Extracted data entries

■ ■ ■ ■

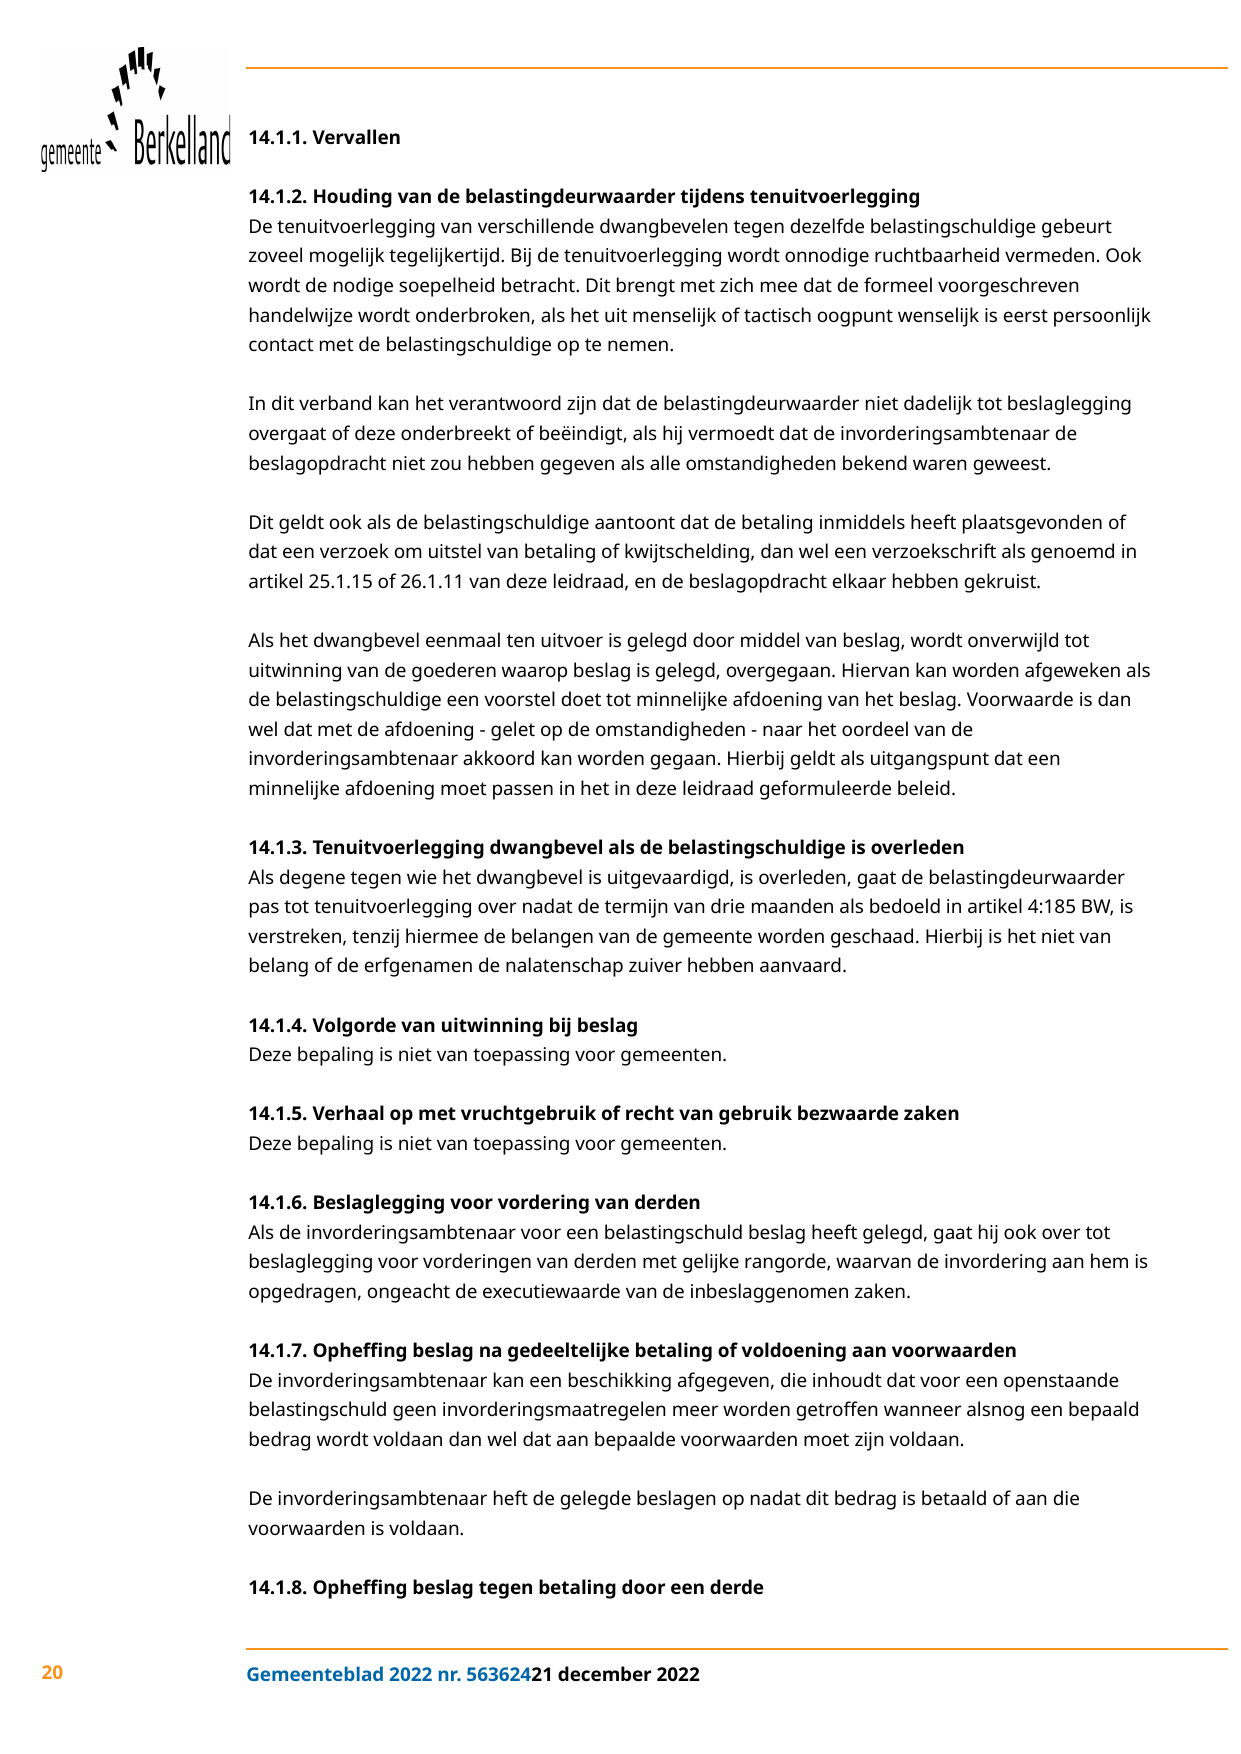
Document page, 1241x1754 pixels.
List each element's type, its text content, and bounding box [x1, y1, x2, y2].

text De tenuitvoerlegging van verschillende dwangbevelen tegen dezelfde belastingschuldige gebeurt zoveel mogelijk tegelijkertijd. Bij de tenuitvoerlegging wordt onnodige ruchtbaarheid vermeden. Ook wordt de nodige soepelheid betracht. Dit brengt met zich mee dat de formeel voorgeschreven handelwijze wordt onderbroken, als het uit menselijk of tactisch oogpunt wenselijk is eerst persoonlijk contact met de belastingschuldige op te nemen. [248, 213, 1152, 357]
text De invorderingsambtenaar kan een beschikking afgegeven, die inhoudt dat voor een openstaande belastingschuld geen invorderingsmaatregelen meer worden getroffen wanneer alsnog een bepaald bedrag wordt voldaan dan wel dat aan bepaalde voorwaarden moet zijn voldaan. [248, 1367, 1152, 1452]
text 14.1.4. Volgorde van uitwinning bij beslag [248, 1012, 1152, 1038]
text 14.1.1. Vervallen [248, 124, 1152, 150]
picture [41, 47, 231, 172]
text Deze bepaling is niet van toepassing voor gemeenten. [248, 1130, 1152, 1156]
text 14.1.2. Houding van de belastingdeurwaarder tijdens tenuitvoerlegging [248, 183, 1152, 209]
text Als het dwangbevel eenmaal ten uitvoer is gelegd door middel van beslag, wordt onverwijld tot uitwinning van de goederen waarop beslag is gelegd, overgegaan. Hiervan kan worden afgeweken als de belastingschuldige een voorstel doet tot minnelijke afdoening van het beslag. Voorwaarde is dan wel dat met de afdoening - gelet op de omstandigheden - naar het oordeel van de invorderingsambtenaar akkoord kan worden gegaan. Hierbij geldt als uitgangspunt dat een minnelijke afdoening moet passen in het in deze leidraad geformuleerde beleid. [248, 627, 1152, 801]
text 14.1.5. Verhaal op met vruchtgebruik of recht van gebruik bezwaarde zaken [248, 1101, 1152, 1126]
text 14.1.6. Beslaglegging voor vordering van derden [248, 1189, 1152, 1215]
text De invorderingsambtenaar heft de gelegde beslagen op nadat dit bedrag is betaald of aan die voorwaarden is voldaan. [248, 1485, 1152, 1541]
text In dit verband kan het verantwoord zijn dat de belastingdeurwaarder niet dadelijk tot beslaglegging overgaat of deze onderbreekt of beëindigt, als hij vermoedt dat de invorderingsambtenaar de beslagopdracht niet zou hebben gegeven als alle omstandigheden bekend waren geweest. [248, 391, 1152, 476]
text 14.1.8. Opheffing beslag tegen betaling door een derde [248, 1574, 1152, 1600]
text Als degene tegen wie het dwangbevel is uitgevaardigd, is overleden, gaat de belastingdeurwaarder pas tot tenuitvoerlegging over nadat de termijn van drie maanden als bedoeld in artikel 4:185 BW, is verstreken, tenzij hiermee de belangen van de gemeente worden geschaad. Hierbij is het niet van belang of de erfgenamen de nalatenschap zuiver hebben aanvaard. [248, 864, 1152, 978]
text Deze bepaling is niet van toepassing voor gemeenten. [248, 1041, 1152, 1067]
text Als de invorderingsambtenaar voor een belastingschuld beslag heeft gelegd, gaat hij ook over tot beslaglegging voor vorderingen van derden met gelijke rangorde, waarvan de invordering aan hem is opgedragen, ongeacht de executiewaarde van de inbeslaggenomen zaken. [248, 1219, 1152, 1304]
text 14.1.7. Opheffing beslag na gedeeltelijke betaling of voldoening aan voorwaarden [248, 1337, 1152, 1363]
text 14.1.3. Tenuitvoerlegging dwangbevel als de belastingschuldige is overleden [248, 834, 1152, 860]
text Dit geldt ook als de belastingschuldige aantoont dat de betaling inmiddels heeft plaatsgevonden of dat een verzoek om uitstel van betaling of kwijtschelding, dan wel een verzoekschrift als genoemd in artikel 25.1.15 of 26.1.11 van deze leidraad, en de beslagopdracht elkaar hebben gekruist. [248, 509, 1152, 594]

■ ■ ■ ■

Output all entries unchanged; skip the pictures.

Document page, 1241x1754 pixels.
List each element's type, its text content, and bounding box [x1, y1, x2, y2].

text De tenuitvoerlegging van verschillende dwangbevelen tegen dezelfde belastingschuldige gebeurt zoveel mogelijk tegelijkertijd. Bij de tenuitvoerlegging wordt onnodige ruchtbaarheid vermeden. Ook wordt de nodige soepelheid betracht. Dit brengt met zich mee dat de formeel voorgeschreven handelwijze wordt onderbroken, als het uit menselijk of tactisch oogpunt wenselijk is eerst persoonlijk contact met de belastingschuldige op te nemen. [248, 213, 1152, 357]
text De invorderingsambtenaar kan een beschikking afgegeven, die inhoudt dat voor een openstaande belastingschuld geen invorderingsmaatregelen meer worden getroffen wanneer alsnog een bepaald bedrag wordt voldaan dan wel dat aan bepaalde voorwaarden moet zijn voldaan. [248, 1367, 1152, 1452]
text 14.1.4. Volgorde van uitwinning bij beslag [248, 1012, 1152, 1038]
text 14.1.1. Vervallen [248, 124, 1152, 150]
picture [41, 47, 231, 172]
text Deze bepaling is niet van toepassing voor gemeenten. [248, 1130, 1152, 1156]
text 14.1.2. Houding van de belastingdeurwaarder tijdens tenuitvoerlegging [248, 183, 1152, 209]
text Als het dwangbevel eenmaal ten uitvoer is gelegd door middel van beslag, wordt onverwijld tot uitwinning van de goederen waarop beslag is gelegd, overgegaan. Hiervan kan worden afgeweken als de belastingschuldige een voorstel doet tot minnelijke afdoening van het beslag. Voorwaarde is dan wel dat met de afdoening - gelet op de omstandigheden - naar het oordeel van de invorderingsambtenaar akkoord kan worden gegaan. Hierbij geldt als uitgangspunt dat een minnelijke afdoening moet passen in het in deze leidraad geformuleerde beleid. [248, 627, 1152, 801]
text 14.1.5. Verhaal op met vruchtgebruik of recht van gebruik bezwaarde zaken [248, 1101, 1152, 1126]
text 14.1.6. Beslaglegging voor vordering van derden [248, 1189, 1152, 1215]
text De invorderingsambtenaar heft de gelegde beslagen op nadat dit bedrag is betaald of aan die voorwaarden is voldaan. [248, 1485, 1152, 1541]
text In dit verband kan het verantwoord zijn dat de belastingdeurwaarder niet dadelijk tot beslaglegging overgaat of deze onderbreekt of beëindigt, als hij vermoedt dat de invorderingsambtenaar de beslagopdracht niet zou hebben gegeven als alle omstandigheden bekend waren geweest. [248, 391, 1152, 476]
text 14.1.8. Opheffing beslag tegen betaling door een derde [248, 1574, 1152, 1600]
text Als degene tegen wie het dwangbevel is uitgevaardigd, is overleden, gaat de belastingdeurwaarder pas tot tenuitvoerlegging over nadat de termijn van drie maanden als bedoeld in artikel 4:185 BW, is verstreken, tenzij hiermee de belangen van de gemeente worden geschaad. Hierbij is het niet van belang of de erfgenamen de nalatenschap zuiver hebben aanvaard. [248, 864, 1152, 978]
text Deze bepaling is niet van toepassing voor gemeenten. [248, 1041, 1152, 1067]
text Als de invorderingsambtenaar voor een belastingschuld beslag heeft gelegd, gaat hij ook over tot beslaglegging voor vorderingen van derden met gelijke rangorde, waarvan de invordering aan hem is opgedragen, ongeacht de executiewaarde van de inbeslaggenomen zaken. [248, 1219, 1152, 1304]
text 14.1.7. Opheffing beslag na gedeeltelijke betaling of voldoening aan voorwaarden [248, 1337, 1152, 1363]
text 14.1.3. Tenuitvoerlegging dwangbevel als de belastingschuldige is overleden [248, 834, 1152, 860]
text Dit geldt ook als de belastingschuldige aantoont dat de betaling inmiddels heeft plaatsgevonden of dat een verzoek om uitstel van betaling of kwijtschelding, dan wel een verzoekschrift als genoemd in artikel 25.1.15 of 26.1.11 van deze leidraad, en de beslagopdracht elkaar hebben gekruist. [248, 509, 1152, 594]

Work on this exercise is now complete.